A man suffering from advanced prostate cancer appears to have been cured after doctors shocked his tumor to death using large amounts of testosterone.
Testosterone And Prostate Cancer
Testosterone serves as fuel for prostate cancer, which is why most therapies for the condition work by depriving tumors of the male hormone.
Researchers were surprised of the result of the experimental therapy because it involved flooding the man's body with the very hormone believed to drive the growth of tumors, and it isn't just him who has experienced positive results from the therapy.
The other patients who took part in the same trial also exhibited positive responses. Progress of their disease has stopped, and their tumors were found to be shrinking.
Bipolar Androgen Therapy
The trial involves three cycles of bipolar androgen therapy or BAT. The treatment alternately floods and starves the body of testosterone.
Men with advanced prostate cancer are traditionally treated by reducing the supply or blocking the effects of testosterone, but for BAT, the patients are receiving high doses of the male hormone once in every 28 days while also being given a drug that stopped the natural production of testosterone.
Promising Results
By looking at the levels of the Prostate Specific Antigen or PSA, a blood marker that serves as tracker of prostate cancer, researchers found that the disease fell in most of the 47 patients who were involved in the study.

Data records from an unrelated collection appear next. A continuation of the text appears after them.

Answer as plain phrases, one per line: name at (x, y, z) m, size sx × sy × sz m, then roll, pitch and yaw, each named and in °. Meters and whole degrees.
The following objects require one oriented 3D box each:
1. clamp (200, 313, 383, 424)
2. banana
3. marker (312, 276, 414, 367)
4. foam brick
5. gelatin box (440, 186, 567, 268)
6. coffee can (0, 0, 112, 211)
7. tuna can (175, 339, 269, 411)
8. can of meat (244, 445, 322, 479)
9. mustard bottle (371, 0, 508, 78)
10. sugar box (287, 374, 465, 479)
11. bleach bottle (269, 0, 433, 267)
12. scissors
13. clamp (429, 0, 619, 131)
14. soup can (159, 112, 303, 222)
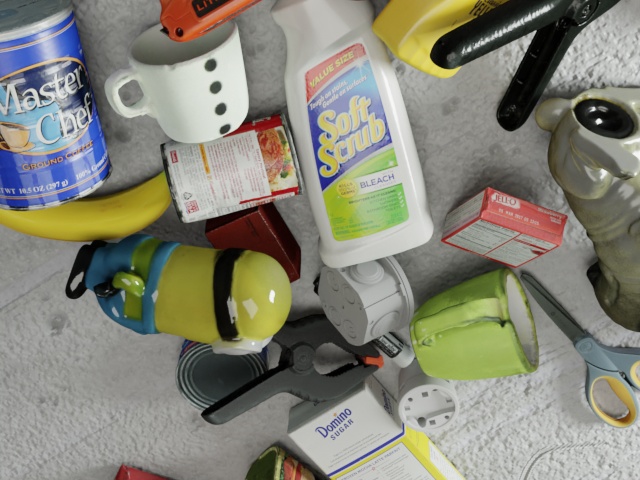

The results in one individual, however, stood out. After 22 cycles of the treatment, the patient was found to have little of the marker in his body, and there were no traces of the disease that doctors said he appeared to have been cured.
"Our goal is to shock the cancer cells by exposing them rapidly to very high followed by very low levels of testosterone in the blood," said Sam Denmeade, from Johns Hopkins University School of Medicine, who led the study.
"I think we may have cured one man whose PSA dropped to zero after three months and has remained so now for 22 cycles. His disease has all disappeared."
Prostate Cancer In The US
Prostate Cancer is the most common cancer among men in the United States next to skin cancer. For 2016, the American Cancer Society estimates that there would be more than 180,000 new cases of prostate cancer in the U.S.
About one in seven men will be diagnosed with prostate cancer during his lifetime, but the experimental therapy brings hope for prostate cancer sufferers.